We are Virginia Tech

We are sad today

She had no idea she was being broadcast around the world.

We do not understand this tragedy

We know we did nothing to deserve it

She wanted to connect the world's grief with the students' grief.

But neither does the child in Africa

Dying of AIDS ...

She jabbed her arm, waved her fist.

The cadence grew stronger, louder -- a crescendo wave of grief and loss and conviction and hope.

We will prevail

We will prevail

We will prevail

We are

Virginia Tech

She dared the audience to believe anything less.

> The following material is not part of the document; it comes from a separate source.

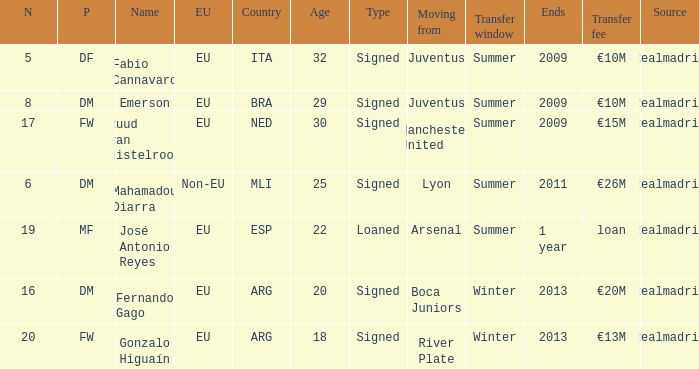What is the type of the player whose transfer fee was €20m? Signed.

The performance was a contrast to everything that preceded it -- the prayers, the news conferences, the panic that had gripped the campus only one day before.

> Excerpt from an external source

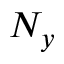Convert formula to latex. <formula><loc_0><loc_0><loc_500><loc_500>N _ { y }</formula> 
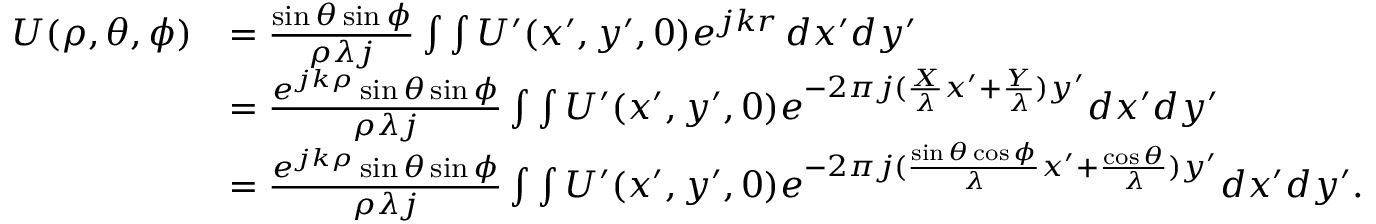Convert formula to latex. <formula><loc_0><loc_0><loc_500><loc_500>\begin{array} { r l } { U ( \rho , \theta , \phi ) } & { = \frac { \sin { \theta } \sin { \phi } } { \rho \lambda j } \int \int U ^ { \prime } ( x ^ { \prime } , y ^ { \prime } , 0 ) { e ^ { j k r } } \, d x ^ { \prime } d y ^ { \prime } } \\ & { = \frac { e ^ { j k \rho } \sin { \theta } \sin { \phi } } { \rho \lambda j } \int \int U ^ { \prime } ( x ^ { \prime } , y ^ { \prime } , 0 ) e ^ { - 2 \pi j ( \frac { X } { \lambda } x ^ { \prime } + \frac { Y } { \lambda } ) y ^ { \prime } } d x ^ { \prime } d y ^ { \prime } } \\ & { = \frac { e ^ { j k \rho } \sin { \theta } \sin { \phi } } { \rho \lambda j } \int \int U ^ { \prime } ( x ^ { \prime } , y ^ { \prime } , 0 ) e ^ { - 2 \pi j ( \frac { \sin { \theta } \cos { \phi } } { \lambda } x ^ { \prime } + \frac { \cos { \theta } } { \lambda } ) y ^ { \prime } } d x ^ { \prime } d y ^ { \prime } . } \end{array}</formula>

Giovanni wasn't sure she had nailed it at first. But when she raised her arms in a shout-out to the people behind her, students began to chant: "Let's go, Hokies."

As the chants grew louder, Giovanni spun in a circle, her arms still raised. She pumped her fist in time to the clapping.

"Good job," Bush said, as they filed out of the coliseum.

Onward and unafraid

Hokies United, a student volunteer organization, raised more than $200,000 for the Hokies Spirit Memorial Fund from sales of "We Are Virginia Tech" T-shirts. Giovanni gave the rights to the poem to Virginia Tech.

Strangers in airports who know nothing about her activism or her civil rights poetry have approached her with, "Aren't you that Virginia Tech poet?"

Giovanni's 10-year-old neighbor asked if she was famous enough now to get him free football tickets on the 50-yard line. (She's working on it.)

Not long ago, Tech alumnus Sam Scarborough stopped her near the Drillfield to shake her hand. A teacher in Virginia Beach, he had brought his wife and children to see the April 16 memorial, then under construction.

"The day you got up on stage ..." he said, his voice cracking. "I cry every time I think about it."

Friends have given her DVDs of the convocation, which she's set aside. She hasn't been able to watch it yet.

One day soon she'll write the parents of sophomore cadet Matthew La Porte, one of her favorite students. La Porte was killed as he tried to grab Cho from behind.

"Matty had the typical boy problems -- he could be a goof-off -- but he'd joined the corps and was really starting to settle in.

"He was just like a flower on the brink, the kind of kid you could see being governor some day."

Even though summer's leaves block her from seeing it clearly, Giovanni catches herself looking toward Shultz Hall, the building where she taught Seung-Hui Cho. The blinds in Room 109 are drawn for the summer.

"Being afraid of Virginia Tech is like being afraid of your home," she said. "You just can't do that."

When she returns to Room 109, the blinds are going up.